The EMU Speech Database System
EMU and ToBI

ToBI is a system for transcribing the intonation patterns of spoken language. ToBI defines a number of annotation levels and the criteria for placing labels on each. These labels include a segmentation into words along with tone labels which mark prosodic events such as prosodic tones and phrase boundary events. ToBI annotations have largely been made using the Unix based Waves+ toolkit from Entropic and the example materials are made available in the ESPS format which is readable only by Waves+ (and by Emu when an ESPS licence is available -- ie. on a Unix platform). This page describes some tools for using ToBI annotation in the Emu system.

The ToBI training materials available from the Ohio State web site are in the ESPS format. We have converted these files to the SSFF format read by Emu on both Unix and Windows.
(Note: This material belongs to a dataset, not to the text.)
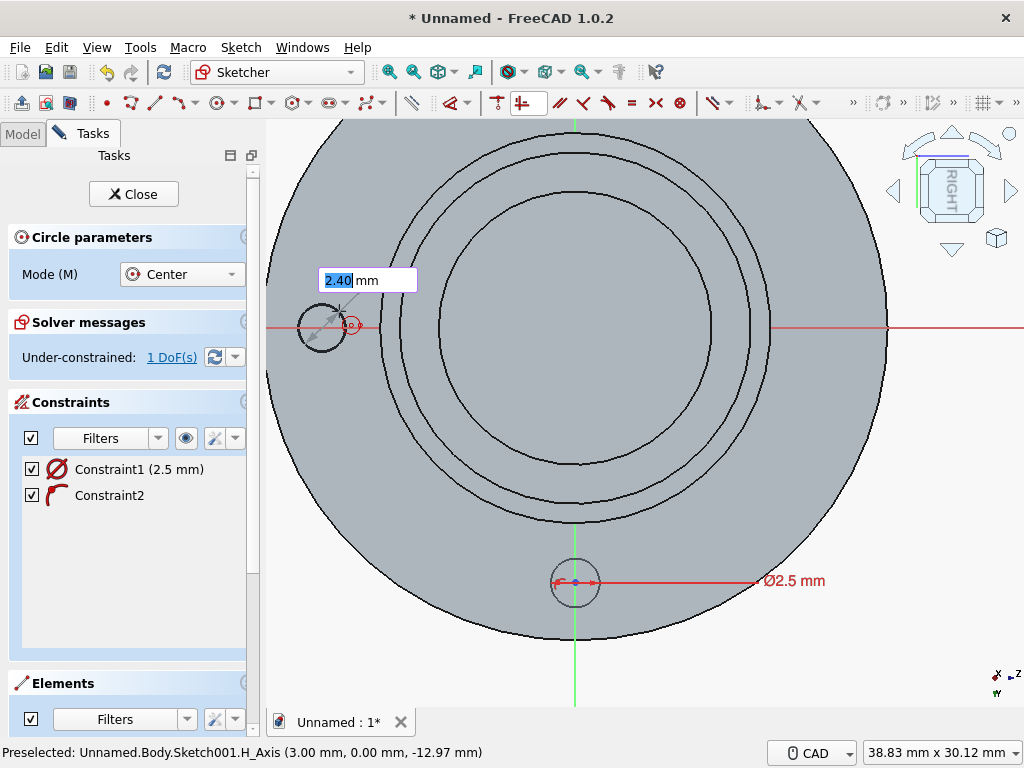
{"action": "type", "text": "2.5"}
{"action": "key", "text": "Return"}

These files are now available on our server:

The smaller files consist of only 12 utterances from the database (those beginning with `a').

These packages contain the original label files (augmented with a dummy label at the start of the word level so that Emu can treat the words as segments rather than events). Two Emu template files are provided, one mimics the traditional ToBI annotation scheme which presents four independant tiers, the other adds domination relations and two additional levels for intonational and intermediate phrases. A script is provided to convert traditional flat ToBI annotations into hierarchical ones. An example hierarchical annotation is shown below.

In this scheme, the Tone level is preserved, non-phrasal tones are linked to the word in which they occur and words are grouped into Intonational and Intermediate phrases based on the position of phrase boundary events.

Pitch Tracking on Windows

Researchers investigating prosody have relied on ESPS/Waves+ for both labelling and pitch tracking. Emu can manage the labelling role but does not provide a pitch tracker. There are a number of possible pitch trackers that might be of use.

One that is available now which can write to the SSFF format read by Emu -- this is the pitch tracker included with the Edinburgh Speech Tools toolkit, which runs on Unix and Windows systems. Edinburgh do not provide a binary distribution of the toolkit for Windows, we are currently investigating providing at least the pitch tracker for download here for use on Windows.

Another alternative is the Speech Filing System from UCL which provides an environment for data capture on Windows and Unix systems. SFS includes both a pitch tracker and a formant tracker and stores data in its own file format. We are currently looking at supporting the SFS file format in Emu which would enable researchers to use SFS to generate pitch and formant tracks and then use Emu to annotate and query their databases.